Material for this task –
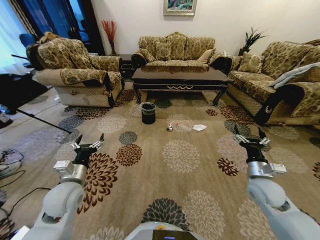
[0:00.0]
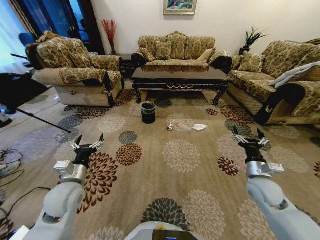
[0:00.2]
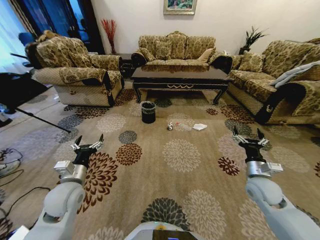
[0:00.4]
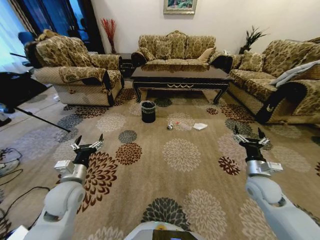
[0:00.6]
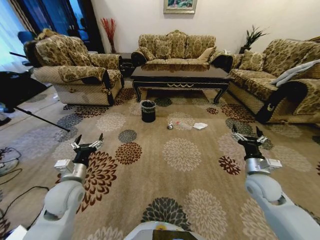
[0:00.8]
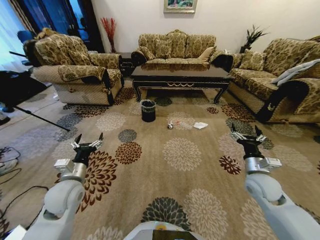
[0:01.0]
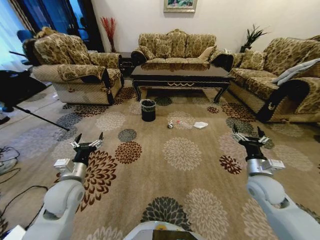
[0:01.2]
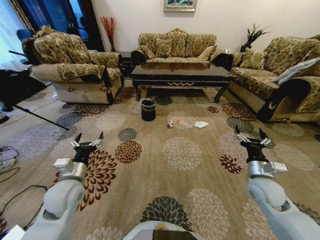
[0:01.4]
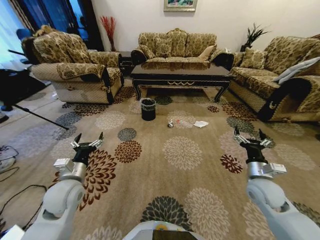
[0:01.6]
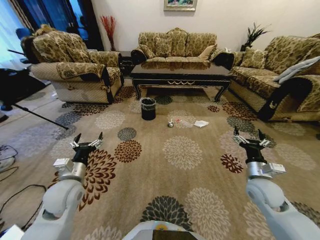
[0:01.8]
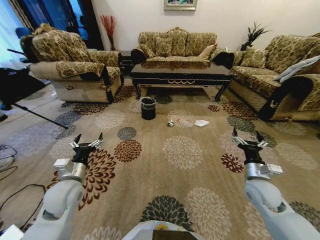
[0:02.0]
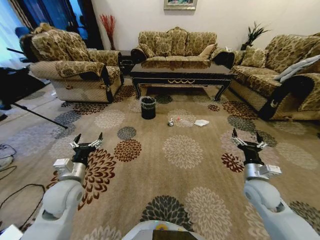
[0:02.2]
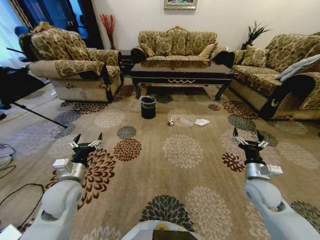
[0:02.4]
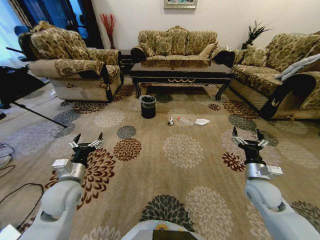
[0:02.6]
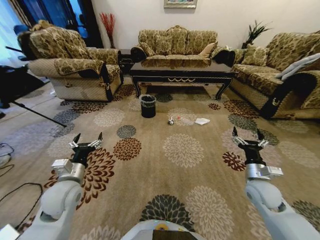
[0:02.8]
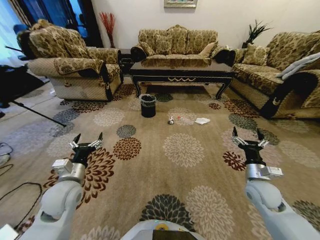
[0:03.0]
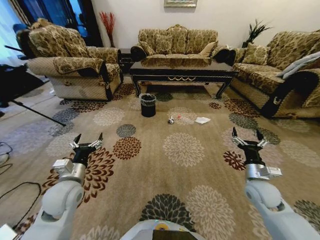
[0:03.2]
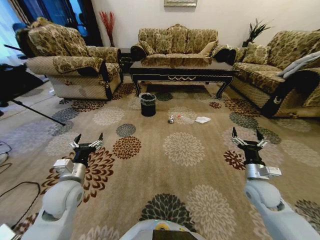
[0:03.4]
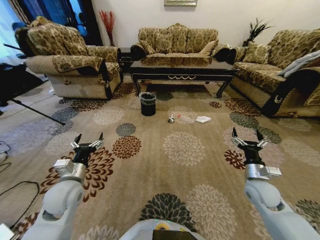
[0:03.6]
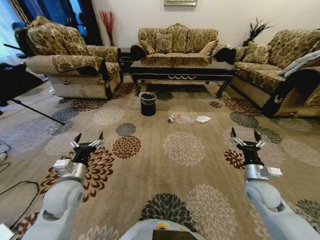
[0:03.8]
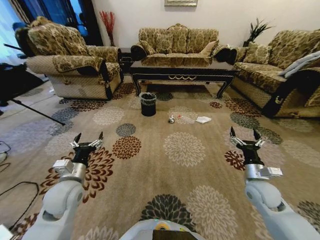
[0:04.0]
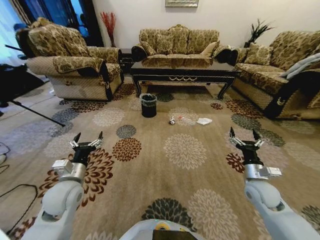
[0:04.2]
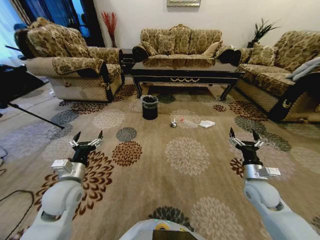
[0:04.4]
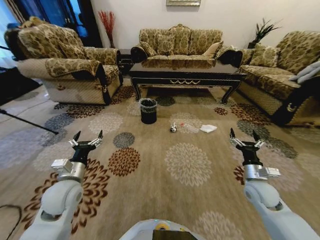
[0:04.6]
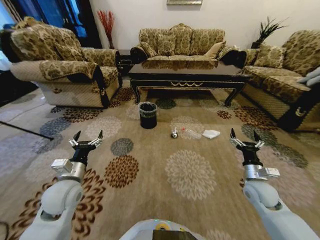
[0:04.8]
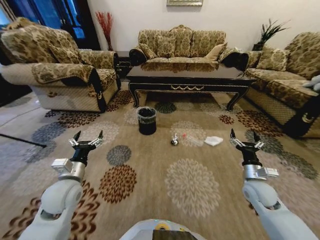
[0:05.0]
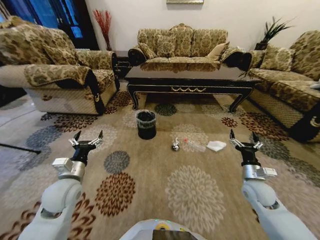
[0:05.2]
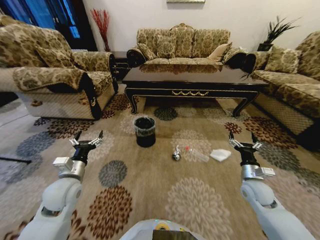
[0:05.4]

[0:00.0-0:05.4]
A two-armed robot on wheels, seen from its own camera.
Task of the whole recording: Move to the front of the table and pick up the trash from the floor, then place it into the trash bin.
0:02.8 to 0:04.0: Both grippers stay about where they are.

What is needed –
Leave the pictures out and reproduce every record above exactly.

Result –
[0:00.0]
[0:00.2]
[0:00.4]
[0:00.6]
[0:00.8]
[0:01.0]
[0:01.2]
[0:01.4]
[0:01.6]
[0:01.8]
[0:02.0]
[0:02.2]
[0:02.4]
[0:02.6]
[0:02.8]
[0:03.0]
[0:03.2]
[0:03.4]
[0:03.6]
[0:03.8]
[0:04.0]
[0:04.2]
[0:04.4]
[0:04.6]
[0:04.8]
[0:05.0]
[0:05.2]
[0:05.4]

[0:00.0-0:05.4]
A two-armed robot on wheels, seen from its own camera.
Task of the whole recording: Move to the front of the table and pick up the trash from the floor, then place it into the trash bin.
0:02.8 to 0:04.0: Both grippers stay about where they are.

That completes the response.